As part of the August 2020 training, the YWL members also enhanced their capacities to advocate for a human-rights based peace process between the Communist Party of the Philippines-New People’s Army-National Democratic Front (CPP-NPA-NDF) and the Philippine government. The conflict between the CPP-NPA-NDF and the government has devastated rural areas across the country and has resulted in large-scale internal displacement, loss of lives, damage to property, and widespread insecurity. It has also led to the implementation of martial law and multiple grave human rights violations. Unsurprisingly, the COVID-19 pandemic has exacerbated insecurity experienced by communities as a result of the conflict. Although the warring parties were quick to declare ceasefires in March 2020, the failure to uphold them ultimately worsened prospects of peace negotiations, increased the incidence of violent clashes, and disrupted the delivery of essential relief goods to women and youth peacebuilders on the frontlines of the pandemic.
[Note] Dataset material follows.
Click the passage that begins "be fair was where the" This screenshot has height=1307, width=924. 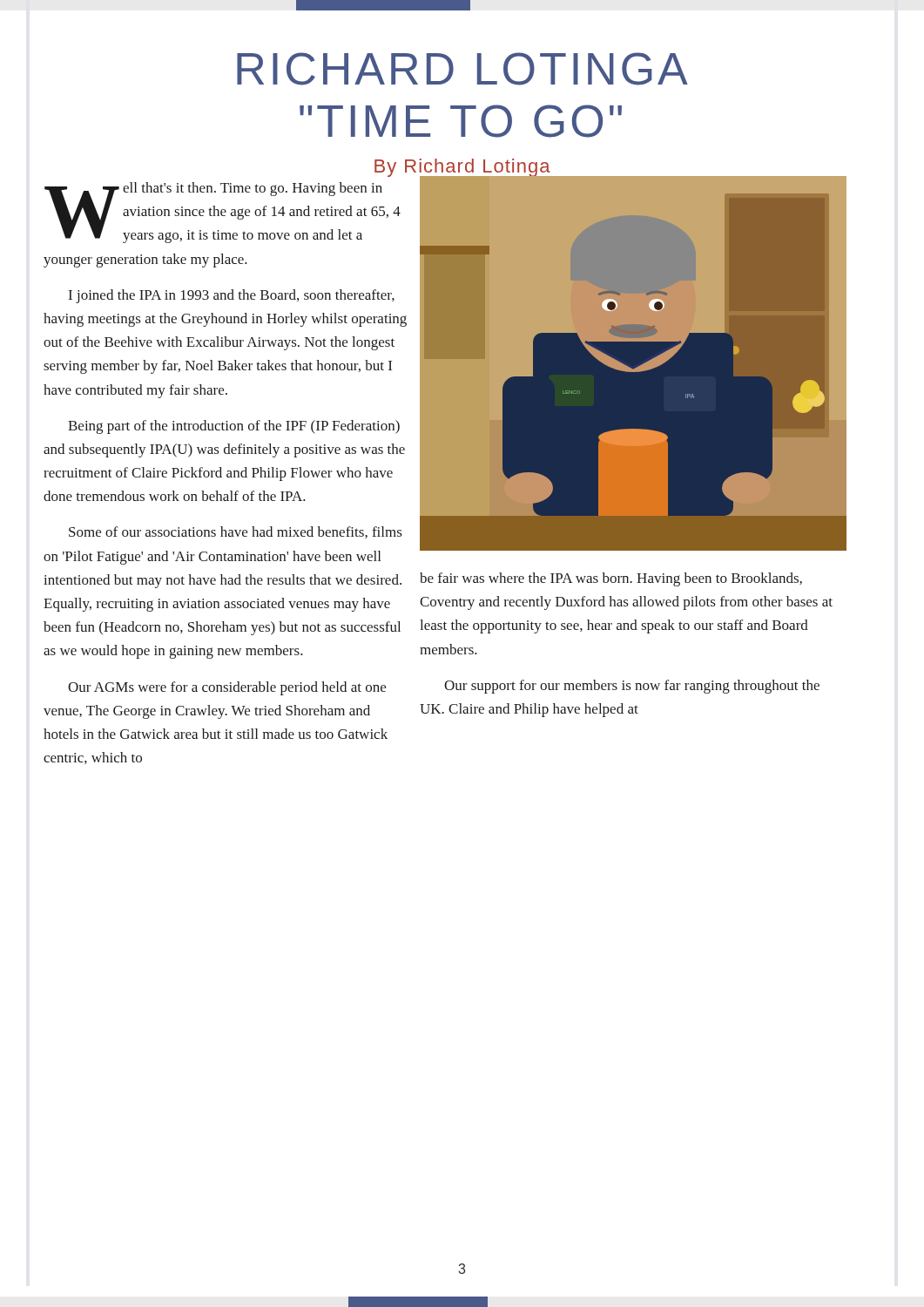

“We need to dispel the perception that peacebuilding and negotiations aren’t going anywhere. Militarized responses to the pandemic and armed conflict shouldn’t be the only action the government takes. We need to spread hope, advocate for change, and meet the immediate needs of vulnerable groups,” Bianca Pabotoy, a young woman from Buhol, stressed. During the online training, the young women leaders and gender equality allies designed initiatives to empower and increase opportunities for internally displaced and indigenous young women in conflict-affected communities to protect their rights and participate in peacebuilding. The YWL members in the Philippines emphasized “Peace isn’t just for Mindanao!” Implementing an inclusive peace will help build a better, more equitable future for all Filipinos. The young peacebuilders are working steadily towards building a national movement for sustainable peace and gender equality.